# New Audi RS6 takes the fight to the BMW M5 and E63 AMG



## tim330i (Dec 18, 2001)

Audi is preparing to take on the latest BMW M5 and soon-to-be-revised Mercedes E63 AMG with an all-new Audi RS6. Power will come from an uprated version of the new twin-turbo 4.0-litre V8 from the S6, S7 and S8.

The new force-fed V8 replaces the naturally aspirated 5.0-litre V10 of its predecessor. Developed with Bentley, it kicks out a nominal 513bhp in the S8.

However, detailed changes, including added turbocharger boost pressure, are said to liberate a further 59bhp, taking it to 572bhp - the same output as the old V10 and well beyond the 414bhp of the S6 saloon and Avant. Torque is also set to climb beyond the 479lb ft of the S8. One Audi insider told Autocar that it'll be more than 516lb ft.

The RS6's power will eclipse both the 552bhp of the M5 and the maximum 549bhp available with the current E63 AMG.
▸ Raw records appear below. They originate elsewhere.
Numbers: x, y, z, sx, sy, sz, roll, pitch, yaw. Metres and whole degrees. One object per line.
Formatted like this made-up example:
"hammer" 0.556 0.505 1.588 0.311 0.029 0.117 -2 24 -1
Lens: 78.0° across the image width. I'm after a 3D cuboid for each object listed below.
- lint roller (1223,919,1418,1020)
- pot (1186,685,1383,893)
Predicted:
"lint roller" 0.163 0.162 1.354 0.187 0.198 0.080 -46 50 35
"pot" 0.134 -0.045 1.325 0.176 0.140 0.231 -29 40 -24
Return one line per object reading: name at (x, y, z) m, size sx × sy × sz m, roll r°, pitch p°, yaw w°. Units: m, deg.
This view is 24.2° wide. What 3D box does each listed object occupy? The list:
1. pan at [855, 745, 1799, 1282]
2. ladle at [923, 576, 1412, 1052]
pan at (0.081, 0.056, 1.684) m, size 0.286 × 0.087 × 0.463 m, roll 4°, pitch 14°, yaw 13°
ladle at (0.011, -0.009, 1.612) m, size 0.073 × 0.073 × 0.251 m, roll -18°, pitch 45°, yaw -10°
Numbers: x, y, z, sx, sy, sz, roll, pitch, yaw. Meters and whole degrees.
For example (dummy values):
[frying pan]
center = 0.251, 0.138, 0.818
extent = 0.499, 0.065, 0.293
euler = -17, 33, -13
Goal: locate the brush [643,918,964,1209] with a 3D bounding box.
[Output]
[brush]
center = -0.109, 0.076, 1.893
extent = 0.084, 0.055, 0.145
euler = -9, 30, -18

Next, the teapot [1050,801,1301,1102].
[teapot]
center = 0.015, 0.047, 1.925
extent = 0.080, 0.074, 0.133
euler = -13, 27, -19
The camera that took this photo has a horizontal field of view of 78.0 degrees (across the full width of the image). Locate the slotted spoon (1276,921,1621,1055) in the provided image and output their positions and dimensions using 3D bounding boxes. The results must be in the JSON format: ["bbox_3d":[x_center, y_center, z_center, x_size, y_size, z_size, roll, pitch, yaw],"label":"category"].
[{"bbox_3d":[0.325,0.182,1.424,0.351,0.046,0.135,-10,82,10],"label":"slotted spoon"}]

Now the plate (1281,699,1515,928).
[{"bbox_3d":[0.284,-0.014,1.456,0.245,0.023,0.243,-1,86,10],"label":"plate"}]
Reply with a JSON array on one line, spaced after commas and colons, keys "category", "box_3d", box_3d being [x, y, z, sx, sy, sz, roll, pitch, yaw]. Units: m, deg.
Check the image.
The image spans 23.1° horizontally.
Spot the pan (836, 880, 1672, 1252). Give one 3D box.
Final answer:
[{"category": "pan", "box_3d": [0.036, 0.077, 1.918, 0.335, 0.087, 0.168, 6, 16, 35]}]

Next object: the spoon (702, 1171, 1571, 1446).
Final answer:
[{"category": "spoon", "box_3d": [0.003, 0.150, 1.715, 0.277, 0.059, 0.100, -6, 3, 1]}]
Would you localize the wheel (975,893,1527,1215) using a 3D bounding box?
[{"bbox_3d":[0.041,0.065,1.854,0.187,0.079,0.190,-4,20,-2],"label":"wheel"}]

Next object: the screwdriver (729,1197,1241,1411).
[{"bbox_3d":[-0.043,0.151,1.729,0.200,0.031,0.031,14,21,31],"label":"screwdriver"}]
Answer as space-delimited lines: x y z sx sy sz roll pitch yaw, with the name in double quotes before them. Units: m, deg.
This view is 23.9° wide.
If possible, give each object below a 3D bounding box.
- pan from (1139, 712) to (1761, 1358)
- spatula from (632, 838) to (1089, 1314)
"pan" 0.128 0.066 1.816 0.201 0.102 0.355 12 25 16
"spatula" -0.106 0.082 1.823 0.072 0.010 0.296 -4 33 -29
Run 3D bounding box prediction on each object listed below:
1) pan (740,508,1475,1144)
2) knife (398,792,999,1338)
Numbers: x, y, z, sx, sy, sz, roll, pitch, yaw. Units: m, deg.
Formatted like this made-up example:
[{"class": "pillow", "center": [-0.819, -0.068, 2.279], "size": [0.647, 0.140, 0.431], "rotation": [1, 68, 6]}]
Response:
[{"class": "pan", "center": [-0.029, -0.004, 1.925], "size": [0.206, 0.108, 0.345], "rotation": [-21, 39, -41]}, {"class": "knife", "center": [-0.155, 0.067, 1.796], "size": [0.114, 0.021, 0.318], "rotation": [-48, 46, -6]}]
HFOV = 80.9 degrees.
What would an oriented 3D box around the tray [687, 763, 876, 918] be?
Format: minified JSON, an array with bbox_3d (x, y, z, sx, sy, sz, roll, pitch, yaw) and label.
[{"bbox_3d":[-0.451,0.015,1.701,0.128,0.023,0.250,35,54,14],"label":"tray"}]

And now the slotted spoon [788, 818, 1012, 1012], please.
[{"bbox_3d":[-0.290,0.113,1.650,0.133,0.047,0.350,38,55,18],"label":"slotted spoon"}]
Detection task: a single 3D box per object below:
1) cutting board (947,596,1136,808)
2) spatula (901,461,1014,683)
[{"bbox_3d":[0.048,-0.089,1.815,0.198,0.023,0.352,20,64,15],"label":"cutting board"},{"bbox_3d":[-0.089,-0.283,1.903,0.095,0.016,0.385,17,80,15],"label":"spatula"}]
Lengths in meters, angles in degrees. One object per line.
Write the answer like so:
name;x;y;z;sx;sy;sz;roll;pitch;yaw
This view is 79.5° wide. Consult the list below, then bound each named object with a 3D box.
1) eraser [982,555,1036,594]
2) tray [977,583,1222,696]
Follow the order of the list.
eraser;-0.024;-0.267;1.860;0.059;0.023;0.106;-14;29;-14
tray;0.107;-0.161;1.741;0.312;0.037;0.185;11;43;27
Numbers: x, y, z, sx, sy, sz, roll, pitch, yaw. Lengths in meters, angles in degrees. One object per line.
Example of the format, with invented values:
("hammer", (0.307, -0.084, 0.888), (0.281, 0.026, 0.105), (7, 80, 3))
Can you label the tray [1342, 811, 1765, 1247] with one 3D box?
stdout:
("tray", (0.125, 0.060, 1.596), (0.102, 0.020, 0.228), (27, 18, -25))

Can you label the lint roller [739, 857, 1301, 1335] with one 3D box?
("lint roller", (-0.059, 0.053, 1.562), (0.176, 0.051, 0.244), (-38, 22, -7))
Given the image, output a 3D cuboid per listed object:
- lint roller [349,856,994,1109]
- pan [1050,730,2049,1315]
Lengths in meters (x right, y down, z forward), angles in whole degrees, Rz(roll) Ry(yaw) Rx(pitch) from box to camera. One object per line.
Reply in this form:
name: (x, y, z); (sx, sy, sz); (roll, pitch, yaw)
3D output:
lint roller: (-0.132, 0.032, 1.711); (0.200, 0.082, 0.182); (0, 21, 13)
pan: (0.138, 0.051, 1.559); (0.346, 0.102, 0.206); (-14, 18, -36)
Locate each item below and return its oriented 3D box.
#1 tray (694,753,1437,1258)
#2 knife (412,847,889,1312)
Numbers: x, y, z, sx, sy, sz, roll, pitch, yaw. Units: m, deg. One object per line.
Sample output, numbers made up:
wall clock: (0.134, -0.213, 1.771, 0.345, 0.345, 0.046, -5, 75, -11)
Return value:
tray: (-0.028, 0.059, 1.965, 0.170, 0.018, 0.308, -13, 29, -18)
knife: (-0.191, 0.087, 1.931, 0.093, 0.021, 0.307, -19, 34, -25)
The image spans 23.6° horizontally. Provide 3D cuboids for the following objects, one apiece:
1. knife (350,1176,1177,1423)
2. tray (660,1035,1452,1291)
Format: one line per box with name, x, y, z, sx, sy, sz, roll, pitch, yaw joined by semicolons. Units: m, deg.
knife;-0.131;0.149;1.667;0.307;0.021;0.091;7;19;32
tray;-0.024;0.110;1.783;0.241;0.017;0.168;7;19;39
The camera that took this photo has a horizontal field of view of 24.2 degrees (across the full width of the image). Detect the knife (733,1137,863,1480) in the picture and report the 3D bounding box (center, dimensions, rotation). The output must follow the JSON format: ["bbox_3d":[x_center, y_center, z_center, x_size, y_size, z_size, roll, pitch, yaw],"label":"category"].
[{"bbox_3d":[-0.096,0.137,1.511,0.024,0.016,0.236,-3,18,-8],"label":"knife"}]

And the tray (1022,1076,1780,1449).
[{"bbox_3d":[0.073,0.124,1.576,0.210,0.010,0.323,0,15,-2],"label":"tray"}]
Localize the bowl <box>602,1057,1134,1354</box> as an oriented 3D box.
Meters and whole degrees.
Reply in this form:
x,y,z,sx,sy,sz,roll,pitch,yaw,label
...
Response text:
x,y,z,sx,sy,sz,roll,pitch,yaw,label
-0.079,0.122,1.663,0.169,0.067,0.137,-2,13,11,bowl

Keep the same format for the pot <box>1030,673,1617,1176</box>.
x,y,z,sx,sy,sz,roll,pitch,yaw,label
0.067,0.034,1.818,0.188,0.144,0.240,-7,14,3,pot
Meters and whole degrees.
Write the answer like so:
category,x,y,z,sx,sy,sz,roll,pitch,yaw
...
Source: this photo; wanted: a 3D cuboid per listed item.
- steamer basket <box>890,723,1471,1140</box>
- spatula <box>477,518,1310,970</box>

Read more about the Audi RS6

Looks like the BMW M5 is going to end up in a three way street fight as Audi and Mercedes turn up the heat, and the power. Do you think the M5 will be able to hold it's own against the RS5 and the E63 AMG?


----------



## OBS3SSION (Oct 1, 2002)

:thumbup:

I love the fact that they are showing an RS6 Avant! What better car than one that can tear up the street or track, carry 5 people to a posh night out on the town, and haul more stuff home from Costco or Home Depot than a good number of "crossovers" or even SUVs. Too bad stupid Americans can't realize that and instead insist on said crossovers and SUVs.


----------